=== Begin Enclosure ===

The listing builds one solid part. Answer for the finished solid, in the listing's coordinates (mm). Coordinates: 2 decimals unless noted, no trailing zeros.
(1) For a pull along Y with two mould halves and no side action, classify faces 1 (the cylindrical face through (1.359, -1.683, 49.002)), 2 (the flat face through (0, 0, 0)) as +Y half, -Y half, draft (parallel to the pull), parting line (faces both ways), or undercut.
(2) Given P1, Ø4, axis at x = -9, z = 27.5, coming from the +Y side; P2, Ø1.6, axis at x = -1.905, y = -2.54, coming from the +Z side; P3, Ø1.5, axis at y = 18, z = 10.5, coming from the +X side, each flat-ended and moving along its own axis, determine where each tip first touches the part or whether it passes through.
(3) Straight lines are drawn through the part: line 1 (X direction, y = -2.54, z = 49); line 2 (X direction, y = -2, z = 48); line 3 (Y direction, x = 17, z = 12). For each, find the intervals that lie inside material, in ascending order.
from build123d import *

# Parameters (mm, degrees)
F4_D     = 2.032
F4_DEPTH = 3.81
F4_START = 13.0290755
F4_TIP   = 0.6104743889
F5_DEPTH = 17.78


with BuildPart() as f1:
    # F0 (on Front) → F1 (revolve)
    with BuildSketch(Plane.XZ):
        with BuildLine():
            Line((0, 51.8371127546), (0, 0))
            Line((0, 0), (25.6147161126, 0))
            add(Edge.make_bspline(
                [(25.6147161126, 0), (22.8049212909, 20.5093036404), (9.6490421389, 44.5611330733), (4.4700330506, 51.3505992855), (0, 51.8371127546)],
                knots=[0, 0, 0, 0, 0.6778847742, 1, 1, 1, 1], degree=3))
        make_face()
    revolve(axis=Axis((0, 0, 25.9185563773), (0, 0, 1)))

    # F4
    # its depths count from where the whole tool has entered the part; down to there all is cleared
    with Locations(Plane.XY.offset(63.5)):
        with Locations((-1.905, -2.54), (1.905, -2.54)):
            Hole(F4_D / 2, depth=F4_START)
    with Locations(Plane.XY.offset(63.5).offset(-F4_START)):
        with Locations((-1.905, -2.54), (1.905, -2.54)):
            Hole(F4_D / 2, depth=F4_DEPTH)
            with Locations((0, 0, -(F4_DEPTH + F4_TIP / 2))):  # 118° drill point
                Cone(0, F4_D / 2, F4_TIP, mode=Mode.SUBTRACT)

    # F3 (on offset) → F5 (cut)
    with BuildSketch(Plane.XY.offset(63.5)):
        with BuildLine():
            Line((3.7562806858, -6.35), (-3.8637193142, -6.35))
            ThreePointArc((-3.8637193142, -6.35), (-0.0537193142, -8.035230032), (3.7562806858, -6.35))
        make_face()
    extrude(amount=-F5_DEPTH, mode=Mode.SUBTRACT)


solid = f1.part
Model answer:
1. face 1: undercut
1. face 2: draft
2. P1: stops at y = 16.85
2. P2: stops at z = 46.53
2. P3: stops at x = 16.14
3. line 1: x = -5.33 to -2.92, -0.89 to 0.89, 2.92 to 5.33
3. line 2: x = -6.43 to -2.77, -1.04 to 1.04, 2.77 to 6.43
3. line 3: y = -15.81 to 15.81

=== End Enclosure ===

◆ **ABOUT THIS TASK**: The lines from the one holding "extrude(amount=-F5_DEPTH, mode=Mode.SUBTRACT)" through the end of the listing above are to be written out exactly, both ends included, and no others.

◆ **EXERCISE OUTPUT**:
    extrude(amount=-F5_DEPTH, mode=Mode.SUBTRACT)


solid = f1.part
Model answer:
1. face 1: undercut
1. face 2: draft
2. P1: stops at y = 16.85
2. P2: stops at z = 46.53
2. P3: stops at x = 16.14
3. line 1: x = -5.33 to -2.92, -0.89 to 0.89, 2.92 to 5.33
3. line 2: x = -6.43 to -2.77, -1.04 to 1.04, 2.77 to 6.43
3. line 3: y = -15.81 to 15.81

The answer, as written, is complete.